First, of all, have your technician reprogram the electronic-control modules. After that collision, the electronic-control modules could be getting unrecognizable feedback; reprogramming them will typically fix the gremlins. If this does not remedy the problem – and your technician determines that the instrument cluster needs to be replaced – my dealer technical resource said that it doesn’t have to be replaced; it can be rebuilt by Palo Alto Speedometer. Call 650.323.0243 for pricing and details. In models built between the late 1990s to the early 2000s, the instrument clusters were a complete module and the individual components were not repairable: Replacement ran from $1,400-$1,700 – each; it was all or nothing.

 

 

Battery discharging issues

 

Q

 I am a longstanding member of MBCA and need help with my 2005 W211 E320 CDI, which has about 106,000 miles on it.  It is completely unreliable and the dealership can’t find the problem. Occasionally, when I try to start the car in the morning, I get absolutely no response when I turn the key to the start position, indicating that the battery has absolutely no power. I should mention that I have never gotten the red-warning notice (icon of a battery, reading “Visit workshop”), which would indicate a problem with the charger or voltage regulator. Since nearly new, it has had a problem with the rear batteries discharging – one at a time –  down to 3 or 4 volts overnight. In 12 years, I’ve replaced the battery on an average of once a year, but every few months the car refuses to start – usually overnight. When I get in the car, the interior lights don’t go on and often the clock has stopped working. Roadside Assistance will come and charge the battery, but with the battery discharged down to 4, 3 or 2 volts, the battery is damaged, and when this happens a second time, Roadside Assistance replaces the battery. I enjoy the car and don’t want to replace it, but this all means I can’t use it as dependable transportation.  Do you have any knowledge of this problem with W211 models?  Do you have any suggestions?

 

A

 My technical resource, the shop foreman at a local Mercedes-Benz dealership, offers the following suggestions. I hope they help you resolve the problem and get many more years driving your 2005 E320 CDI.

 “This problem should not be too difficult to solve. The first thing that must be done is to measure the current draw at rest with all doors closed. This vehicle should have no more than a 20ma draw after one hour. I would expect your draw to be closer to 2 amps or higher given the rate of discharge. Once the current draw is confirmed, the fun begins. There are some known problem areas to check first: The lower control panel that controls the power-opening compartment for the CD player just below the head unit, which is known to keep the CAN (Controller Area Network) bus awake. Does the compartment function correctly? If it intermittently does not open or close this could be a clue.

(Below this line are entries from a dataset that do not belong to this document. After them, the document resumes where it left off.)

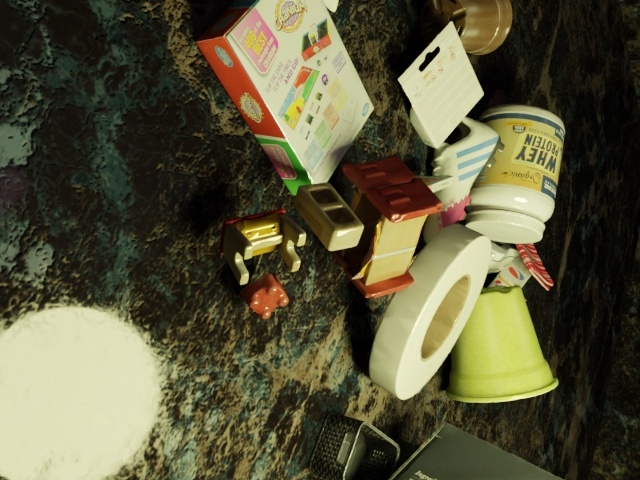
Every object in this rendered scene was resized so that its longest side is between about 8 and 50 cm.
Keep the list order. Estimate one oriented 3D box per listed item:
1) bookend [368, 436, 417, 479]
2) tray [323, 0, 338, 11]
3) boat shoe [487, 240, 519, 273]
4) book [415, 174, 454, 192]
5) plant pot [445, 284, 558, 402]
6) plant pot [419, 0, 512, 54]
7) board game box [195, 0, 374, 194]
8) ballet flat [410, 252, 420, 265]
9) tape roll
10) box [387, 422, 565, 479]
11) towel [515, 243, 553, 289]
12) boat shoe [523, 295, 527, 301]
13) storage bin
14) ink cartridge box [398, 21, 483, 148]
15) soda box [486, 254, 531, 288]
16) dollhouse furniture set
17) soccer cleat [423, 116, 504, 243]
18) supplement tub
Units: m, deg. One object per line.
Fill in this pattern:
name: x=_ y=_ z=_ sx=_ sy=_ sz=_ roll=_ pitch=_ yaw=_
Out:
bookend: x=0.170 y=0.551 z=1.371 sx=0.157 sy=0.072 sz=0.156 roll=-52 pitch=131 yaw=-38
tray: x=-0.030 y=-0.525 z=1.061 sx=0.270 sy=0.030 sz=0.145 roll=21 pitch=77 yaw=-51
boat shoe: x=0.489 y=0.047 z=1.734 sx=0.088 sy=0.096 sz=0.268 roll=-63 pitch=161 yaw=18
book: x=0.219 y=-0.119 z=1.362 sx=0.144 sy=0.096 sz=0.035 roll=-23 pitch=110 yaw=-50
plant pot: x=0.433 y=0.248 z=1.567 sx=0.276 sy=0.276 sz=0.253 roll=-7 pitch=86 yaw=-52
plant pot: x=0.325 y=-0.507 z=1.430 sx=0.165 sy=0.167 sz=0.166 roll=-22 pitch=110 yaw=-41
board game box: x=-0.040 y=-0.270 z=1.040 sx=0.242 sy=0.064 sz=0.316 roll=-59 pitch=134 yaw=-31
ballet flat: x=0.284 y=0.063 z=1.477 sx=0.241 sy=0.077 sz=0.091 roll=-10 pitch=101 yaw=-51
tape roll: x=0.238 y=0.152 z=1.312 sx=0.392 sy=0.072 sz=0.391 roll=-42 pitch=148 yaw=-35
box: x=0.236 y=0.717 z=1.201 sx=0.472 sy=0.298 sz=0.479 roll=-32 pitch=124 yaw=-39
towel: x=0.587 y=-0.004 z=1.796 sx=0.199 sy=0.031 sz=0.274 roll=32 pitch=36 yaw=-48
boat shoe: x=0.540 y=0.177 z=1.832 sx=0.207 sy=0.073 sz=0.073 roll=-5 pitch=59 yaw=-55
storage bin: x=0.070 y=0.430 z=1.223 sx=0.180 sy=0.085 sz=0.122 roll=48 pitch=56 yaw=-44
ink cartridge box: x=0.260 y=-0.344 z=1.382 sx=0.181 sy=0.056 sz=0.224 roll=-49 pitch=132 yaw=-7
soda box: x=0.559 y=0.108 z=1.804 sx=0.216 sy=0.074 sz=0.069 roll=-28 pitch=154 yaw=-53
dollhouse furniture set: x=0.000 y=0.000 z=1.035 sx=0.374 sy=0.152 sz=0.201 roll=-13 pitch=137 yaw=-28
soccer cleat: x=0.304 y=-0.147 z=1.480 sx=0.143 sy=0.116 sz=0.331 roll=32 pitch=78 yaw=-4
supplement tub: x=0.498 y=-0.168 z=1.611 sx=0.228 sy=0.229 sz=0.315 roll=26 pitch=72 yaw=-50
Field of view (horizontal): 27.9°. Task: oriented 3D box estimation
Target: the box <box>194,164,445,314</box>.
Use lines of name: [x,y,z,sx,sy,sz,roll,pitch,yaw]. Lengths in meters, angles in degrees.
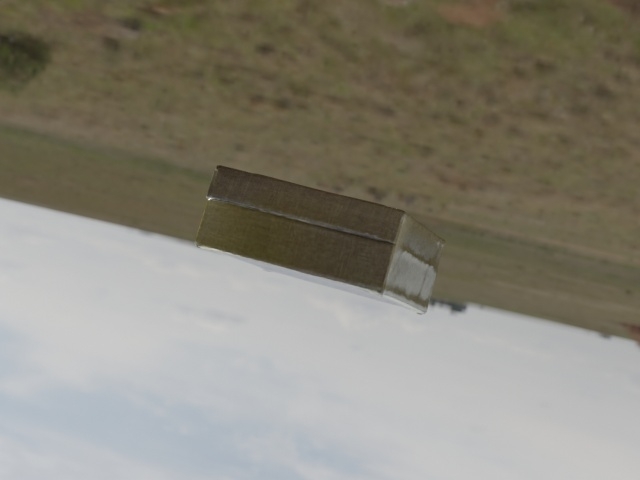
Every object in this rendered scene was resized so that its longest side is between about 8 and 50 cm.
box: [0.000,0.000,0.515,0.083,0.035,0.079,14,176,19]
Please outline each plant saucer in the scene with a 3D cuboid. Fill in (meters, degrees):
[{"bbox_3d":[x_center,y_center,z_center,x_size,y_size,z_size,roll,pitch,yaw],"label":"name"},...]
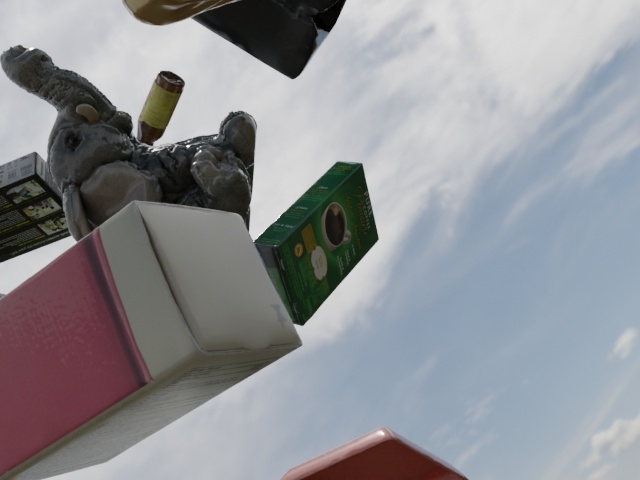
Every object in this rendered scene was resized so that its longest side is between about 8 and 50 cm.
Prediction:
[{"bbox_3d":[0.087,0.412,1.666,0.258,0.047,0.259,-30,-44,24],"label":"plant saucer"}]

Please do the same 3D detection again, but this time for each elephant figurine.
[{"bbox_3d":[-0.184,-0.059,0.910,0.239,0.186,0.169,4,-28,-4],"label":"elephant figurine"}]

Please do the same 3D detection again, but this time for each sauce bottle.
[{"bbox_3d":[-0.220,-0.163,1.263,0.042,0.042,0.128,-12,-41,-53],"label":"sauce bottle"}]

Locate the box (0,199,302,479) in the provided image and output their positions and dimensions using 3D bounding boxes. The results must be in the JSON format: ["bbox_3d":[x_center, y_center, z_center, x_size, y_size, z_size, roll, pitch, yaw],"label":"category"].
[{"bbox_3d":[-0.160,0.083,0.752,0.232,0.126,0.149,-33,-17,22],"label":"box"}]

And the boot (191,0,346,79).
[{"bbox_3d":[-0.138,-0.463,1.228,0.146,0.445,0.367,-49,-11,-53],"label":"boot"}]

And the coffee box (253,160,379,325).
[{"bbox_3d":[0.000,0.000,1.095,0.184,0.040,0.113,-47,-47,-41],"label":"coffee box"}]

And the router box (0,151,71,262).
[{"bbox_3d":[-0.425,-0.036,1.289,0.179,0.046,0.133,-20,-39,10],"label":"router box"}]

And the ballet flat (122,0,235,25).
[{"bbox_3d":[-0.051,-0.237,0.780,0.232,0.080,0.073,-30,7,-17],"label":"ballet flat"}]

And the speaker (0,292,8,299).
[{"bbox_3d":[-0.317,0.147,1.132,0.131,0.131,0.296,-50,-31,5],"label":"speaker"}]
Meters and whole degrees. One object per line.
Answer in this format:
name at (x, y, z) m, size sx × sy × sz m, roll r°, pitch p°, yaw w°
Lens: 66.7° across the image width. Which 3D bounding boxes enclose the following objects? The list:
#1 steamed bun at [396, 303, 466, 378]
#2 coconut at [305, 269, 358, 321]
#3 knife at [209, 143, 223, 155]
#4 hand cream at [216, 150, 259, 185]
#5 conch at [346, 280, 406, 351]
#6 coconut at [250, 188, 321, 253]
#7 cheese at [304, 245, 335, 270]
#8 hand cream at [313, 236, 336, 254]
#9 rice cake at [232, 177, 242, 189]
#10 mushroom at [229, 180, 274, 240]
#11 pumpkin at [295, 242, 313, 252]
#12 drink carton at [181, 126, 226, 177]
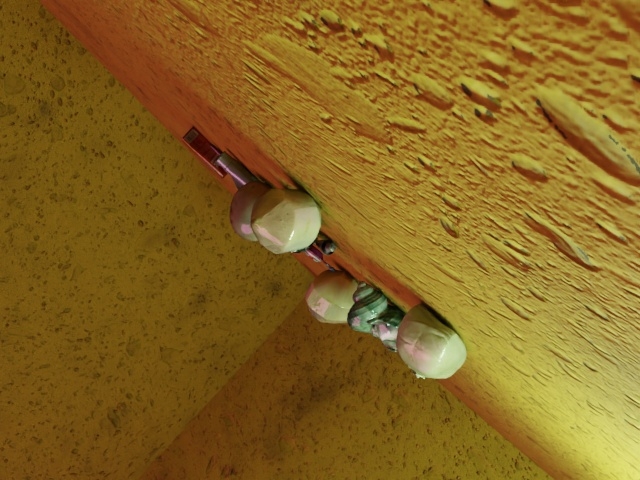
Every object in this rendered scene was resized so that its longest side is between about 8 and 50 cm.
steamed bun at (0.281, 0.285, 1.284) m, size 0.170 × 0.152 × 0.239 m, roll 37°, pitch 174°, yaw 35°
coconut at (0.068, 0.238, 2.064) m, size 0.259 × 0.259 × 0.259 m, roll 42°, pitch 174°, yaw 6°
knife at (-0.349, -0.297, 1.942) m, size 0.247 × 0.018 × 0.035 m, roll 45°, pitch 171°, yaw -25°
hand cream at (-0.237, -0.199, 1.773) m, size 0.331 × 0.058 × 0.085 m, roll 39°, pitch 162°, yaw -20°
conch at (0.198, 0.269, 1.703) m, size 0.277 × 0.195 × 0.220 m, roll 65°, pitch 164°, yaw 6°
coconut at (-0.096, -0.047, 1.221) m, size 0.183 × 0.171 × 0.171 m, roll -12°, pitch -142°, yaw -39°
cheese at (-0.009, 0.054, 1.620) m, size 0.145 × 0.038 × 0.095 m, roll 40°, pitch -178°, yaw 12°
hand cream at (-0.003, 0.003, 1.675) m, size 0.084 × 0.050 × 0.257 m, roll 42°, pitch 178°, yaw -24°
rice cake at (-0.276, -0.187, 1.840) m, size 0.085 × 0.040 × 0.226 m, roll 29°, pitch -156°, yaw -50°
mushroom at (-0.198, -0.097, 1.675) m, size 0.215 × 0.207 × 0.207 m, roll 6°, pitch -162°, yaw -35°
pumpkin at (-0.099, -0.049, 1.414) m, size 0.202 × 0.140 × 0.202 m, roll 46°, pitch -171°, yaw -9°
drink carton at (-0.459, -0.356, 1.991) m, size 0.223 × 0.071 × 0.096 m, roll 43°, pitch 174°, yaw -10°
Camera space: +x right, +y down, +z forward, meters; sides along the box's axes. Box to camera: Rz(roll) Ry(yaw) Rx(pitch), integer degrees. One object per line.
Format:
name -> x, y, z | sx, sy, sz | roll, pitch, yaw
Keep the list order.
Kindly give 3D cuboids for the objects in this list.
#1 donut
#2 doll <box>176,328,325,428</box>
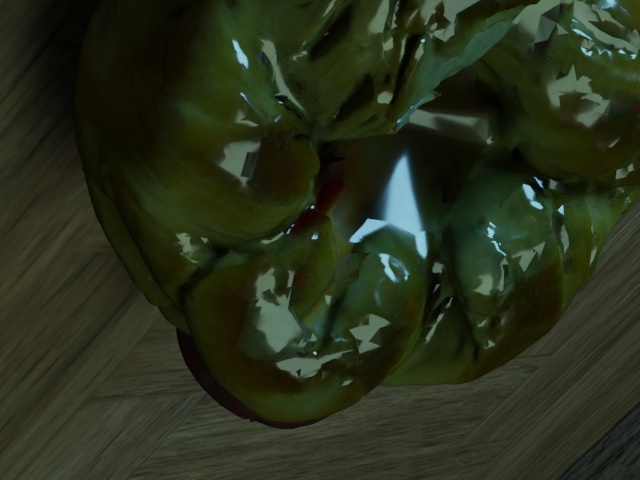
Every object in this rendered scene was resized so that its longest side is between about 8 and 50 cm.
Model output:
donut -> 0.043, -0.074, 0.995 | 0.360, 0.170, 0.360 | -19, 129, -25
doll -> -0.002, -0.001, 1.224 | 0.196, 0.152, 0.256 | 33, 93, -35
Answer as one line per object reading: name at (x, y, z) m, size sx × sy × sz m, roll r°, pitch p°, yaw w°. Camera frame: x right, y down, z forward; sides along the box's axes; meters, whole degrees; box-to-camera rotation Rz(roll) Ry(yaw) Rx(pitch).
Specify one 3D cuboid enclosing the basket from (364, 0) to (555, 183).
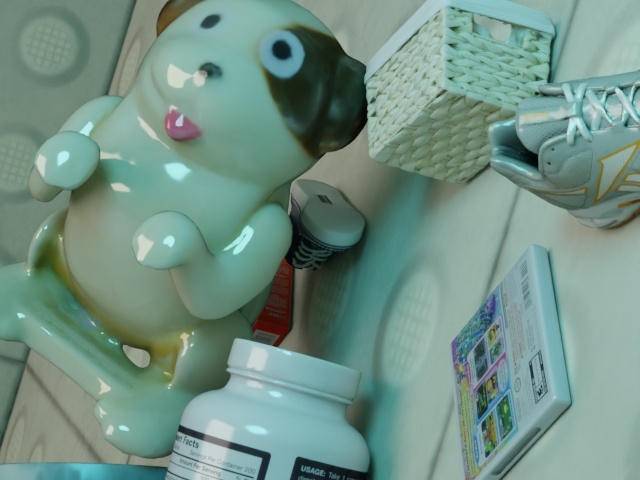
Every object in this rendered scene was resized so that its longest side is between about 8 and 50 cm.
basket at (0.118, -0.133, 1.466) m, size 0.167 × 0.113 × 0.103 m, roll 137°, pitch 143°, yaw -57°

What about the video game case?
video game case at (0.148, 0.105, 1.326) m, size 0.157 × 0.019 × 0.143 m, roll -92°, pitch 26°, yaw -42°

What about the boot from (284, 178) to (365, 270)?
boot at (0.000, 0.000, 1.780) m, size 0.190 × 0.069 × 0.086 m, roll -112°, pitch 33°, yaw -72°

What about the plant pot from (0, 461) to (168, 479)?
plant pot at (-0.226, 0.359, 1.699) m, size 0.293 × 0.293 × 0.235 m, roll 150°, pitch 123°, yaw -64°

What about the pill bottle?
pill bottle at (-0.062, 0.261, 1.533) m, size 0.181 × 0.181 × 0.323 m, roll 179°, pitch 107°, yaw -71°

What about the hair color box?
hair color box at (-0.064, 0.057, 1.928) m, size 0.072 × 0.043 × 0.141 m, roll 126°, pitch 154°, yaw -47°

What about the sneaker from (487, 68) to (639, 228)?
sneaker at (0.206, -0.076, 1.155) m, size 0.262 × 0.121 × 0.099 m, roll 145°, pitch 138°, yaw -61°

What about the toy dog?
toy dog at (-0.107, -0.047, 1.627) m, size 0.284 × 0.395 × 0.408 m, roll 42°, pitch 124°, yaw 25°
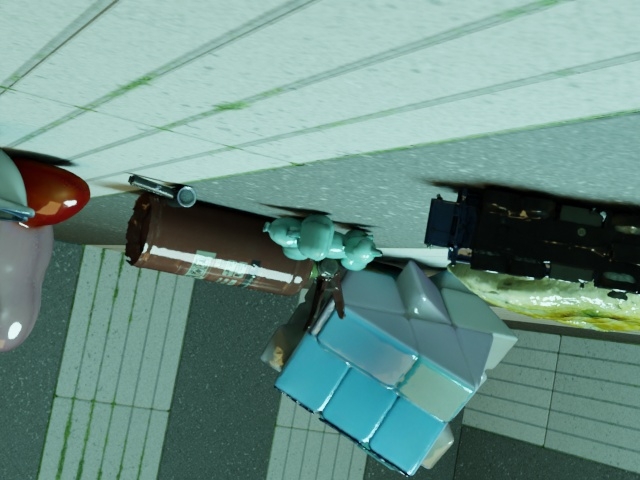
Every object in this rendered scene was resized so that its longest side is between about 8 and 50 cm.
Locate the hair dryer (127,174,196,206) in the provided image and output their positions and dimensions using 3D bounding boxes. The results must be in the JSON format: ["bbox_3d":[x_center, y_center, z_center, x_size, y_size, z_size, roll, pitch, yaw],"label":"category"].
[{"bbox_3d":[-0.197,-0.061,1.235,0.083,0.026,0.047,17,171,-30],"label":"hair dryer"}]

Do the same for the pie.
[{"bbox_3d":[0.341,0.074,1.352,0.337,0.075,0.337,10,174,1],"label":"pie"}]

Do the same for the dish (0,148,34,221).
[{"bbox_3d":[-0.395,-0.084,1.032,0.236,0.086,0.228,11,174,-5],"label":"dish"}]

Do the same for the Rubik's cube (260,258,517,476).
[{"bbox_3d":[0.104,0.188,1.744,0.387,0.358,0.368,34,-147,1],"label":"Rubik's cube"}]

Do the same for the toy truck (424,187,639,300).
[{"bbox_3d":[0.192,0.003,0.877,0.201,0.074,0.088,10,180,12],"label":"toy truck"}]

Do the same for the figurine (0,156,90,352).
[{"bbox_3d":[-0.441,-0.020,1.278,0.269,0.261,0.211,11,-158,-16],"label":"figurine"}]

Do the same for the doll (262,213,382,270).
[{"bbox_3d":[0.000,0.000,1.317,0.159,0.059,0.158,12,176,-9],"label":"doll"}]

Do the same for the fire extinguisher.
[{"bbox_3d":[-0.104,0.037,1.431,0.337,0.147,0.106,14,176,-25],"label":"fire extinguisher"}]
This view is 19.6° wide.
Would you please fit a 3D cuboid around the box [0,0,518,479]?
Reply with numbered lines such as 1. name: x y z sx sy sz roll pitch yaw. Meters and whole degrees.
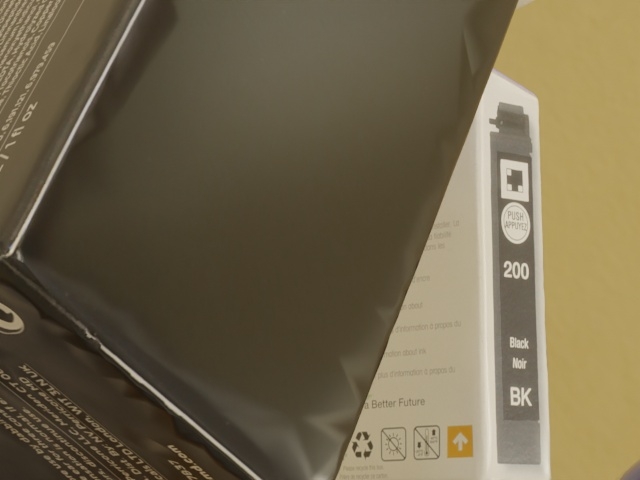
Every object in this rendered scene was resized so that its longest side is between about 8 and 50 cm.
1. box: -0.051 -0.053 0.480 0.184 0.261 0.103 -11 -46 41

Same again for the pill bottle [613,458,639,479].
1. pill bottle: 0.267 0.123 0.931 0.153 0.153 0.264 -13 -26 -43

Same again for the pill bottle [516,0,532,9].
1. pill bottle: 0.084 -0.305 1.227 0.169 0.169 0.301 -28 -39 -14

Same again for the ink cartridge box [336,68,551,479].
1. ink cartridge box: 0.000 0.000 0.759 0.206 0.208 0.045 -8 -11 44
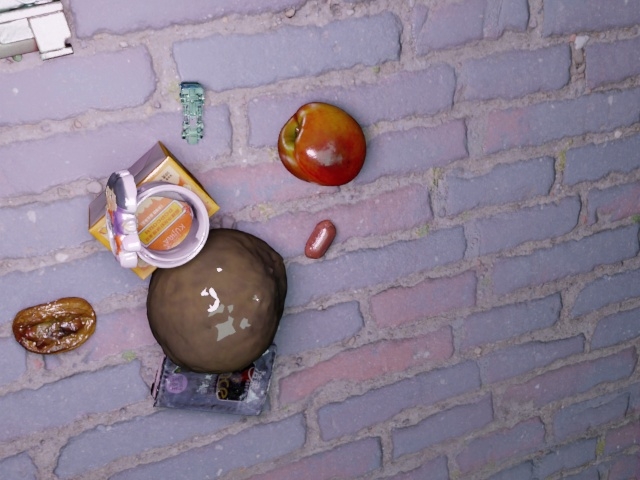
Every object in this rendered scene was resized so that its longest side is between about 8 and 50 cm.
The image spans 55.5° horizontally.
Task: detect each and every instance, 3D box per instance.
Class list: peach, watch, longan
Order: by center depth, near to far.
[{"bbox_3d":[-0.388,-0.056,1.462,0.231,0.196,0.244,-8,107,-25],"label":"watch"},{"bbox_3d":[-0.294,0.172,1.728,0.404,0.436,0.404,1,109,4],"label":"longan"},{"bbox_3d":[0.022,-0.271,1.832,0.274,0.245,0.248,14,130,-34],"label":"peach"}]

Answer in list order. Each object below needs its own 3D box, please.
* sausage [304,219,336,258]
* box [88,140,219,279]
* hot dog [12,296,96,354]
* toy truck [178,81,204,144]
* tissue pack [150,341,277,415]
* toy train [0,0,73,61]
[{"bbox_3d":[0.000,0.000,1.970,0.076,0.076,0.141,32,94,-26],"label":"sausage"},{"bbox_3d":[-0.460,-0.087,1.667,0.283,0.259,0.214,-44,118,-2],"label":"box"},{"bbox_3d":[-0.769,0.244,1.753,0.227,0.099,0.160,-17,111,-12],"label":"hot dog"},{"bbox_3d":[-0.366,-0.363,1.726,0.067,0.081,0.175,-6,128,-18],"label":"toy truck"},{"bbox_3d":[-0.339,0.418,1.955,0.361,0.122,0.259,13,99,-21],"label":"tissue pack"},{"bbox_3d":[-0.764,-0.538,1.477,0.304,0.150,0.221,-18,119,-16],"label":"toy train"}]
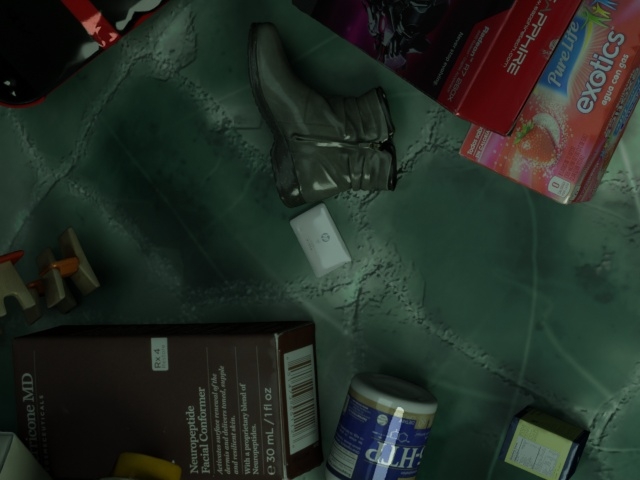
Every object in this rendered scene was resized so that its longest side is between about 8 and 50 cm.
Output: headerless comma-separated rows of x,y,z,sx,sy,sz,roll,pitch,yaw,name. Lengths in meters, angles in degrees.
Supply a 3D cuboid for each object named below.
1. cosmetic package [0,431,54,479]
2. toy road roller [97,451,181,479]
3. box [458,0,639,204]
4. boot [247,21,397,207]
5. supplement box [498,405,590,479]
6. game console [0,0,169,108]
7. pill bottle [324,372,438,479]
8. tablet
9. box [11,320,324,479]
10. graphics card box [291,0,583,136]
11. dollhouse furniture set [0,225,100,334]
-0.409,0.378,1.866,0.153,0.296,0.129,-4,49,22,cosmetic package
-0.183,0.414,1.789,0.241,0.329,0.202,14,63,-6,toy road roller
0.296,-0.204,1.653,0.142,0.154,0.299,27,103,18,box
0.008,-0.168,1.810,0.161,0.083,0.246,-14,94,14,boot
0.267,0.243,1.723,0.083,0.083,0.056,22,100,17,supplement box
-0.390,-0.386,1.830,0.342,0.060,0.386,-37,117,7,game console
0.067,0.267,1.784,0.112,0.112,0.186,19,100,18,pill bottle
0.000,0.000,1.851,0.054,0.006,0.083,-29,83,19,tablet
-0.198,0.204,1.867,0.382,0.143,0.191,-3,92,22,box
0.134,-0.298,1.646,0.371,0.094,0.232,44,111,49,graphics card box
-0.470,0.070,1.912,0.259,0.262,0.135,-35,77,50,dollhouse furniture set
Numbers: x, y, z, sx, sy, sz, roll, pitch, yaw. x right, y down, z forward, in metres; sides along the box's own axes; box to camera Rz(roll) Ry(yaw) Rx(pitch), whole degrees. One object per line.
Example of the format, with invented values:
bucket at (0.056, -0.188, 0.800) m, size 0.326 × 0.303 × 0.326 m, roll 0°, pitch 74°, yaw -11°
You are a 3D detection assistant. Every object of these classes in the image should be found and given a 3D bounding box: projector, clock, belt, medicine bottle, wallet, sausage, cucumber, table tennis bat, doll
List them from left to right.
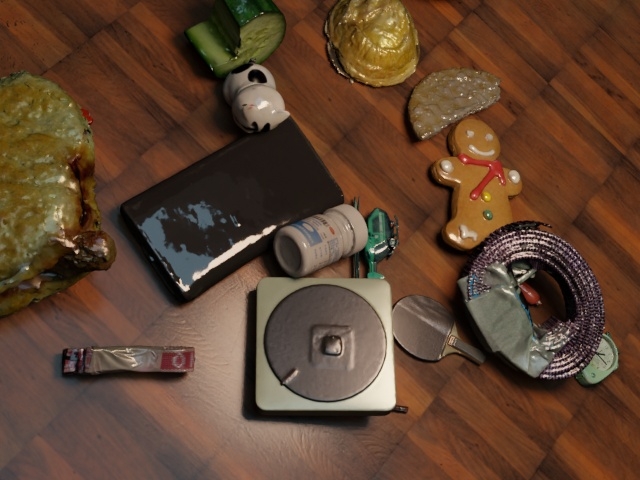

Another known problem component is the audio gateway. We have seen several of these causing excessive current draws. Due to the complexity of these systems, I recommend seeing a Mercedes-Benz dealership as opposed to an independent shop. I would also recommend speaking directly with their shop foreman so the job gets assigned to a technician who is knowledgeable about trouble-shooting the electronic circuits on cars of this period.” In addition, the experience from another owner of a 2005 Mercedes-Benz suggests that the charging regulator be checked at the same time. During this period, Daimler-Benz was sourcing this component from a supplier other than Bosch and there was a service memo issued when these components started to fail.

 

 

Types of automotive paints

 

Q

 I know there was a thread about this a few years back where many said, “all auto paint is the same.” Well, I just bought some Quixx System scratch remover for my Toyota SUV. In the instructions, it said it was “not for use on a nano paint job, or ceramic clear coat, such as on all 2010 or later Mercedes-Benz cars and some earlier Mercedes with the letter “C” as a suffix to the color code.” As I hadn’t intended to use this scratch removal system on either of my Mercedes vehicles, this warning causes me no concern. But this warning is the first and only claim I have seen that at least some Mercedes-Benz paint is different. Does anybody know what gives here?

 

A

 Mercedes-Benz has been moving from paints with volatile organic compounds to water-based paints covered with clear coat. All manufacturers have been making these changes for many years now. However, working with major German paint companies, Mercedes-Benz has refined the quality of its paints and clear-coatings so that they look good and are durable. So, the answer to your question is yes and no. Mercedes-Benz paints are similar to those used by other manufacturers, but with proprietary improvements in materials and compounds. If you want to know what is needed for your specific model, I suggest finding a Mercedes-Benz certified collision center for the details about caring for your paint. Visit www.mbusa.com, scroll to the bottom of the page to “Shopping Tools” and click on “Find a Dealer.” From there, click on “Certified Collision Centers” and click on the state you are in to get a listing of all certified collision centers in your state.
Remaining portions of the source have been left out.